WHAT THE TASK REQUIRES |
When you reach the entries, transcribe each one exactly.

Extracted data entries
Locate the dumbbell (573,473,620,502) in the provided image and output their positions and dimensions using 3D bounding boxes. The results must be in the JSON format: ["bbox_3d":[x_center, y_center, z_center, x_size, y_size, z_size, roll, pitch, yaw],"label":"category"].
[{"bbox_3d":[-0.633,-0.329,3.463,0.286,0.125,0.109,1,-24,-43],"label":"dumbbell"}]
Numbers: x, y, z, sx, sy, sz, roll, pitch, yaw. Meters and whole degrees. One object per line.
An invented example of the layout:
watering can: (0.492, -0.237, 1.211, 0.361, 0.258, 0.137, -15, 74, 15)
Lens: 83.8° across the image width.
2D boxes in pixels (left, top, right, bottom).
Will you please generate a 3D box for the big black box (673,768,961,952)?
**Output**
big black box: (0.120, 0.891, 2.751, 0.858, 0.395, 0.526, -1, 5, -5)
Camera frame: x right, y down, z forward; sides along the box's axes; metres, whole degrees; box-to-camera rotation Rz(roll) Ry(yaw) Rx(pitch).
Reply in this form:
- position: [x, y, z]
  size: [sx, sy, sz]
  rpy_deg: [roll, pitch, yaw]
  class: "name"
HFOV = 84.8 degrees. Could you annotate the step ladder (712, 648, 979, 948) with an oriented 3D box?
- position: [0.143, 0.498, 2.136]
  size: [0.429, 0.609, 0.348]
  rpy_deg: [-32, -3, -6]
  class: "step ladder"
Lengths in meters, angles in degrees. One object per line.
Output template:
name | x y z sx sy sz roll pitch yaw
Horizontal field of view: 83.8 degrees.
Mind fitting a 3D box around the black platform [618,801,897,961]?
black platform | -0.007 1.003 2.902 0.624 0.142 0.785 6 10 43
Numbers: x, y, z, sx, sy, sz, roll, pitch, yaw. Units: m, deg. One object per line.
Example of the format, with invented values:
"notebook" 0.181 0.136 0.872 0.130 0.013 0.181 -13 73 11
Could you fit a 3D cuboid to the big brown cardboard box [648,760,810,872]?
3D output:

REPLY |
Locate the dumbbell (573,473,620,502) in the provided image and output their positions and dimensions using 3D bounding boxes. The results must be in the JSON format: ["bbox_3d":[x_center, y_center, z_center, x_size, y_size, z_size, roll, pitch, yaw],"label":"category"].
[{"bbox_3d":[-0.633,-0.329,3.463,0.286,0.125,0.109,1,-24,-43],"label":"dumbbell"}]
Numbers: x, y, z, sx, sy, sz, roll, pitch, yaw. Meters and whole degrees. One object per line.
An invented example of the layout:
watering can: (0.492, -0.237, 1.211, 0.361, 0.258, 0.137, -15, 74, 15)
Lens: 83.8° across the image width.
2D boxes in pixels (left, top, right, bottom).
Will you please generate a 3D box for the big black box (673,768,961,952)?
**Output**
big black box: (0.120, 0.891, 2.751, 0.858, 0.395, 0.526, -1, 5, -5)
Camera frame: x right, y down, z forward; sides along the box's axes; metres, whole degrees; box-to-camera rotation Rz(roll) Ry(yaw) Rx(pitch).
Reply in this form:
- position: [x, y, z]
  size: [sx, sy, sz]
  rpy_deg: [roll, pitch, yaw]
  class: "name"
HFOV = 84.8 degrees. Could you annotate the step ladder (712, 648, 979, 948) with an oriented 3D box?
- position: [0.143, 0.498, 2.136]
  size: [0.429, 0.609, 0.348]
  rpy_deg: [-32, -3, -6]
  class: "step ladder"
Lengths in meters, angles in degrees. One object per line.
Output template:
name | x y z sx sy sz roll pitch yaw
Horizontal field of view: 83.8 degrees.
Mind fitting a 3D box around the black platform [618,801,897,961]?
black platform | -0.007 1.003 2.902 0.624 0.142 0.785 6 10 43
Numbers: x, y, z, sx, sy, sz, roll, pitch, yaw. Units: m, deg. One object per line.
Example of the format, with invented values:
"notebook" 0.181 0.136 0.872 0.130 0.013 0.181 -13 73 11
Could you fit a 3D cuboid to the big brown cardboard box [648,760,810,872]?
3D output:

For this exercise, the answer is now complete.